Top of DATA TO EXAMINE
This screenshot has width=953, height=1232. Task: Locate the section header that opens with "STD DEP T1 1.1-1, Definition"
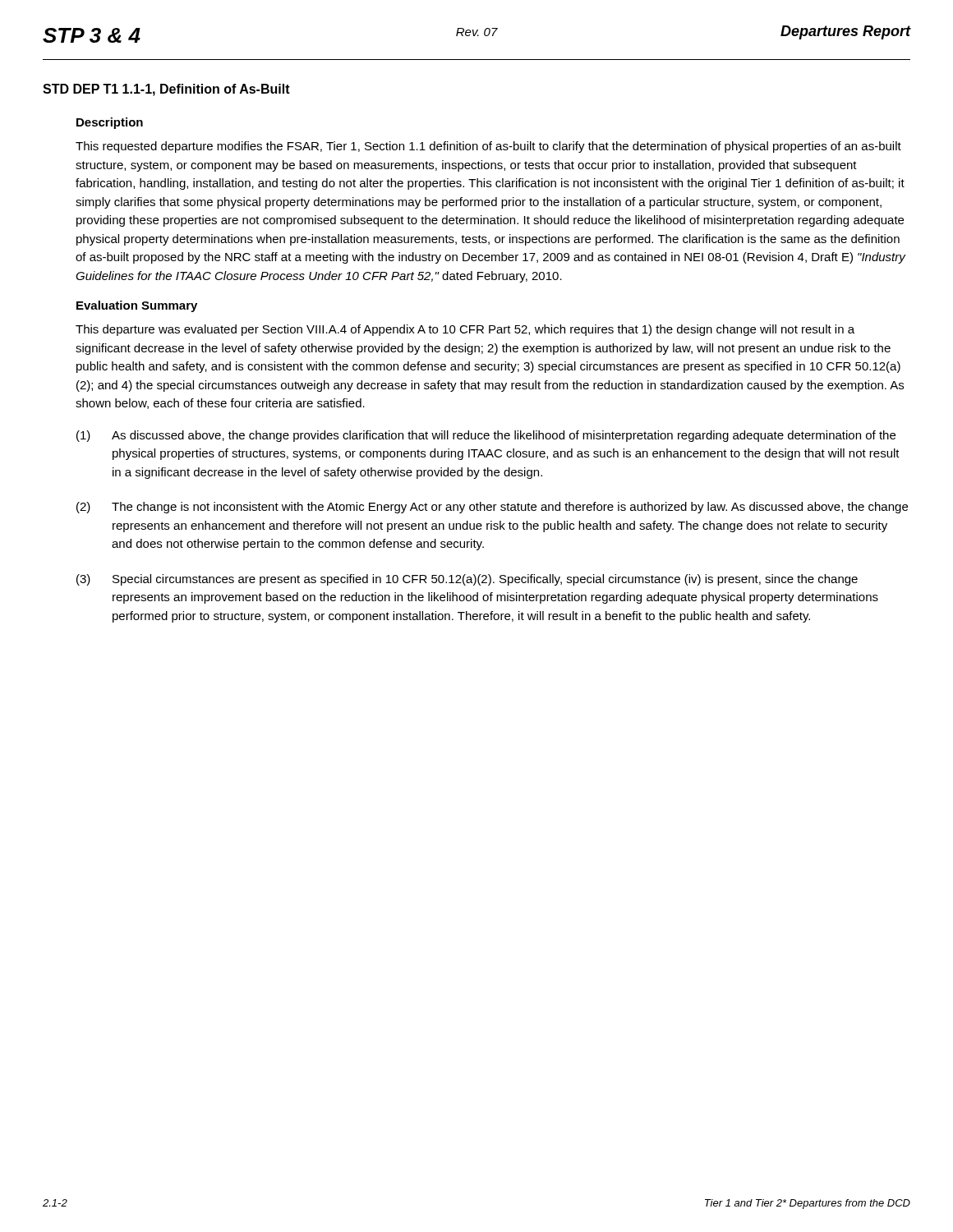coord(166,89)
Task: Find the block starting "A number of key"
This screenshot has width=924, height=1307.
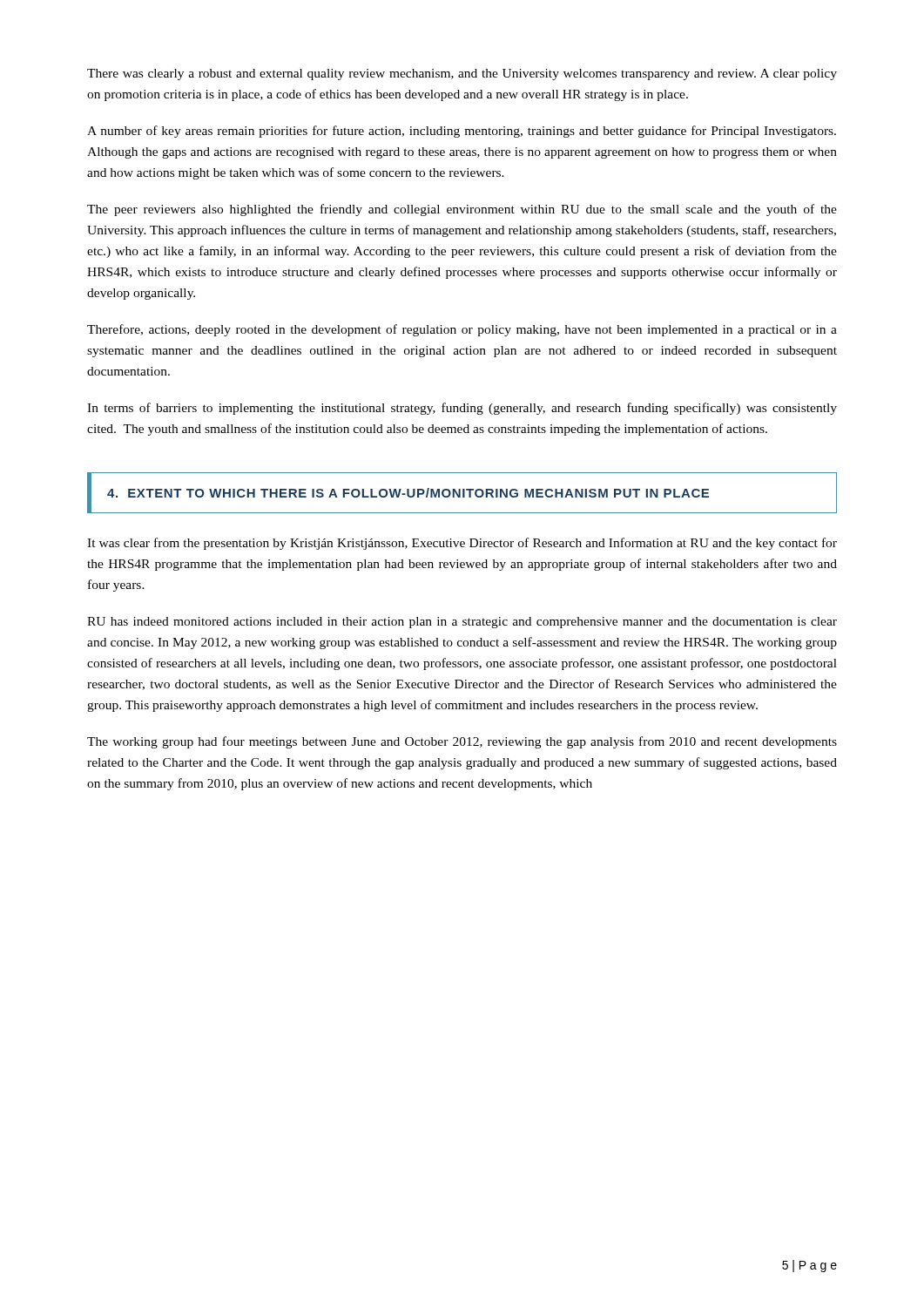Action: coord(462,151)
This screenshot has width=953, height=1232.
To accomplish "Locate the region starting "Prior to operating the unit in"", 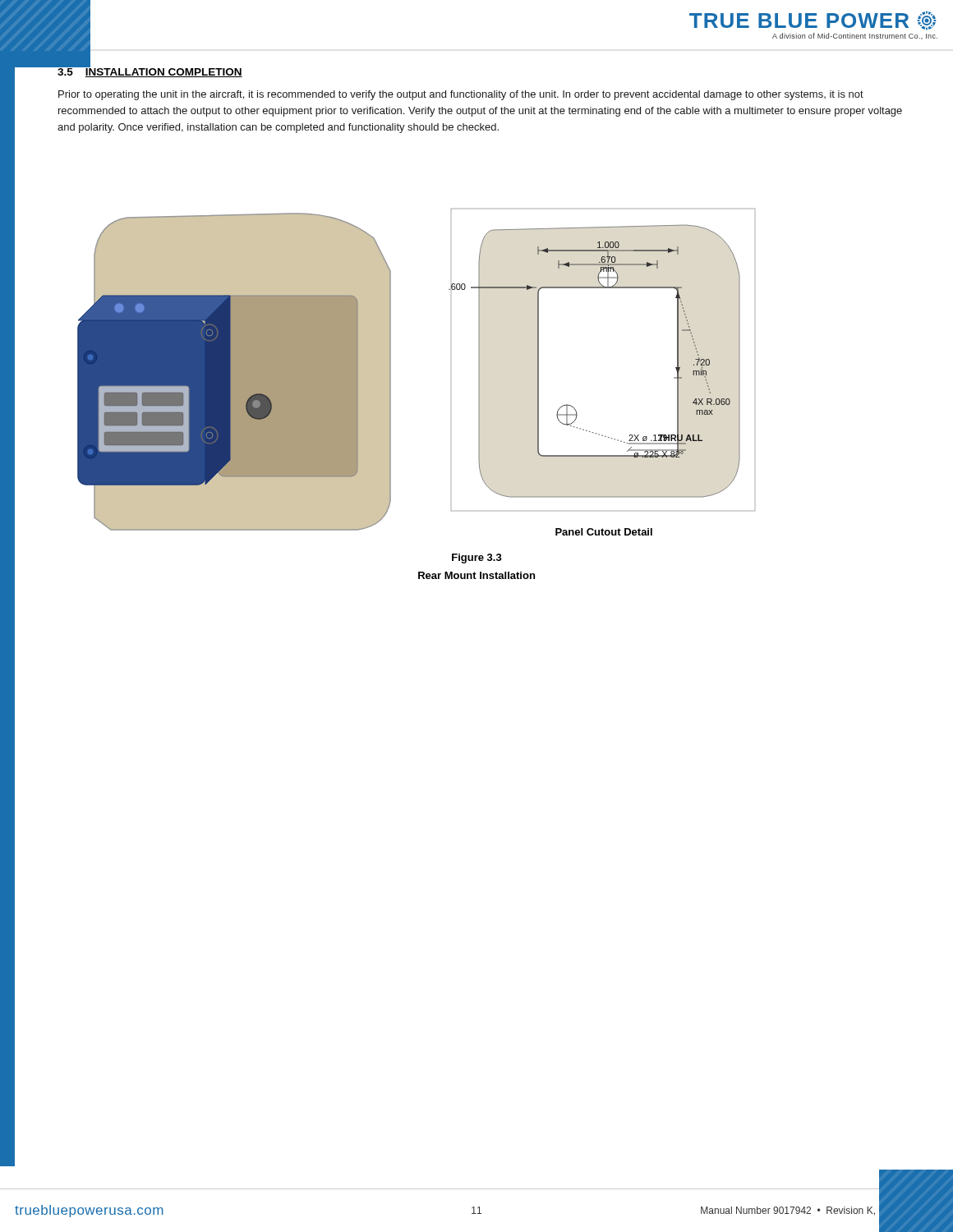I will pos(480,111).
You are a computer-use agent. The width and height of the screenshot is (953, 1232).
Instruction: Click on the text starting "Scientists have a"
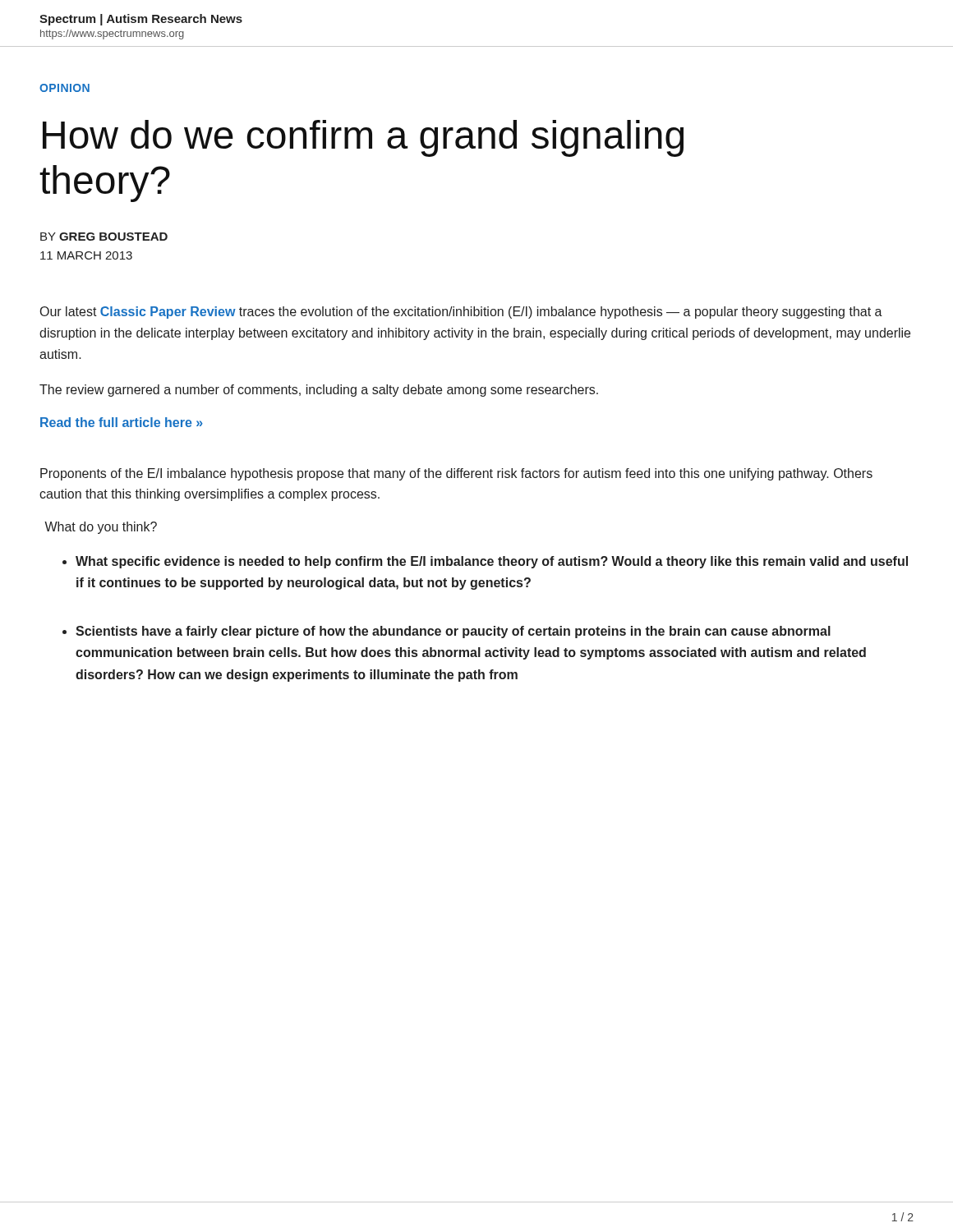pos(488,653)
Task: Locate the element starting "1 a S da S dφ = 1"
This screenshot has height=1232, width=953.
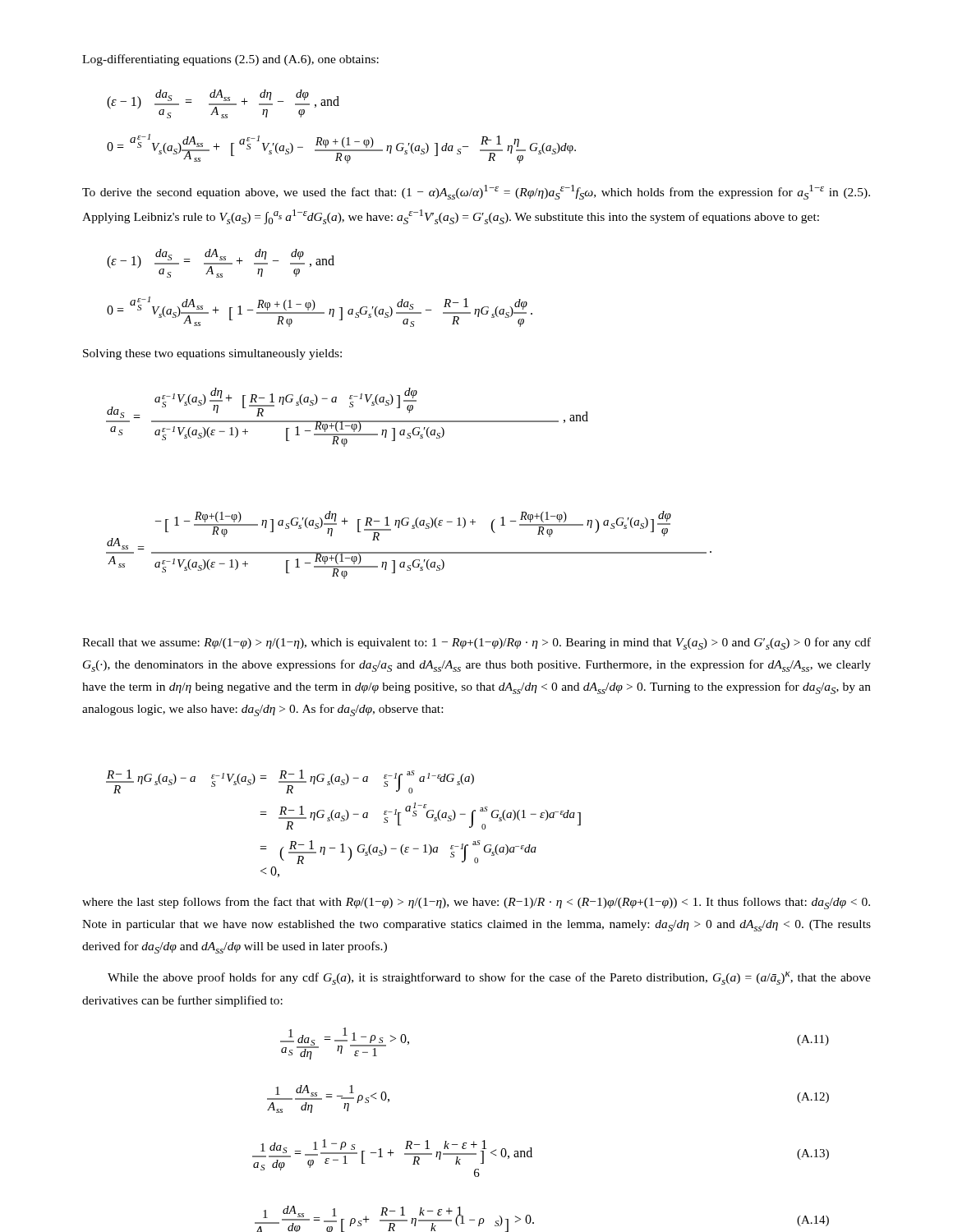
Bottom of DATA TO EXAMINE
## WHAT IS EXPECTED
All lines from the one containing "Instruction: Click on" through the final line of the entries above are to be copied exactly; the pictures are not.

## OUTPUT OF THE EXERCISE
Instruction: Click on the text starting "Scientists have a"
pos(488,653)
Task: Locate the element starting "1 a S da S dφ = 1"
This screenshot has height=1232, width=953.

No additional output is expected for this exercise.